第一百五十三章 枉死(下)
那種聲音一下下的,很重,聽起來像是在砸什麽東西。是一種帶有金屬質地的聲音,好像是……
小母雞私信拉了我和山哥,劈裏啪啦打了一大堆字。
‘這……這什麽鬼啊,大半夜的……現在是零點,我好慌。何兲什麽情況?大半夜剁菜刀?’
我渾身一顫,隻覺得汗毛全都豎了起來。這個一下下的金屬聲,真的是菜刀的聲音。所以……何兲現在在廚房,剁……什麽呢。
山哥的回複也有些不淡定。
‘你們不覺得,何兲說話……有點讓人發毛?’
我在耳麥裏喊了一聲何兲,可他卻沒有反應,下刀……似乎重了幾分。那聲音聽著,像是砍什麽骨頭。我深呼吸了幾次,將耳麥從耳朵上摘下來。
半夜的房間裏,什麽聲音都沒有,除了我的呼吸聲,就剩下菜刀劈砍的聲音。何兲這小子以前時常惡作劇,也許……這次也是。

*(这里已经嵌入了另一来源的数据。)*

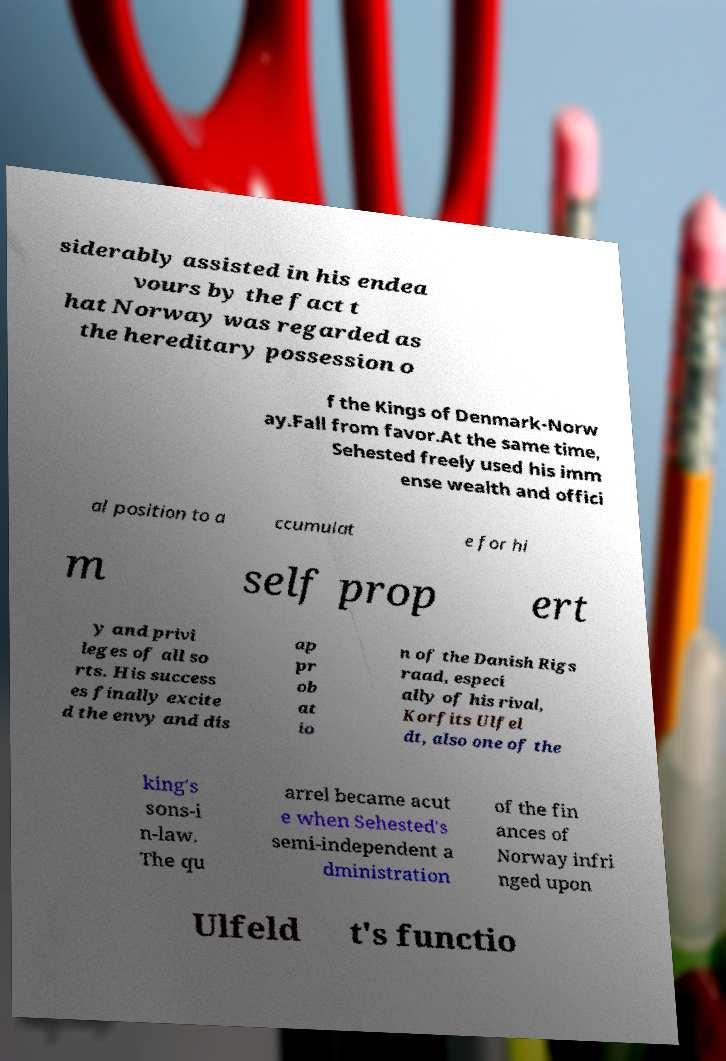Can you accurately transcribe the text from the provided image for me? siderably assisted in his endea vours by the fact t hat Norway was regarded as the hereditary possession o f the Kings of Denmark-Norw ay.Fall from favor.At the same time, Sehested freely used his imm ense wealth and offici al position to a ccumulat e for hi m self prop ert y and privi leges of all so rts. His success es finally excite d the envy and dis ap pr ob at io n of the Danish Rigs raad, especi ally of his rival, Korfits Ulfel dt, also one of the king's sons-i n-law. The qu arrel became acut e when Sehested's semi-independent a dministration of the fin ances of Norway infri nged upon Ulfeld t's functio 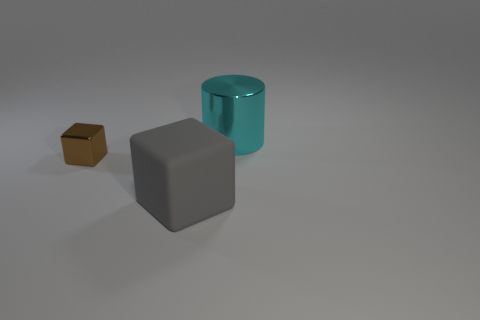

想到這兒,我清了清嗓子,對著耳麥裏喊。
‘騷年,你要是再裝,我能把你拉黑信不信。’
我這麽一說,山哥和小母雞也反應過來了。兩個人紛紛在耳麥裏討伐何兲,可半天……何兲也不回話。隻是耳麥裏傳來了粉碎機的聲音,像是在處理什麽肉製品,聲音很厚重。小母雞膽子小,果斷下麥。
‘山哥,謝秋我好怕……何兲在幹嘛啊…’
我開始覺得不對勁,如果是玩笑,何兲絕不會那麽過分。整整一個半小時的連麥,何兲沒有說過話,他的呼吸聲隨著耳麥傳過來。然後就是刀和粉碎機的聲音,還有一些說不清的**聲,聽起來是有些粘膩的感覺…
很像是……血流入廚房下水道的聲音。
後來山哥也受不了,下麥了。
‘謝秋,不好意思……我這一個人住的,何兲……弄得我心裏發毛。’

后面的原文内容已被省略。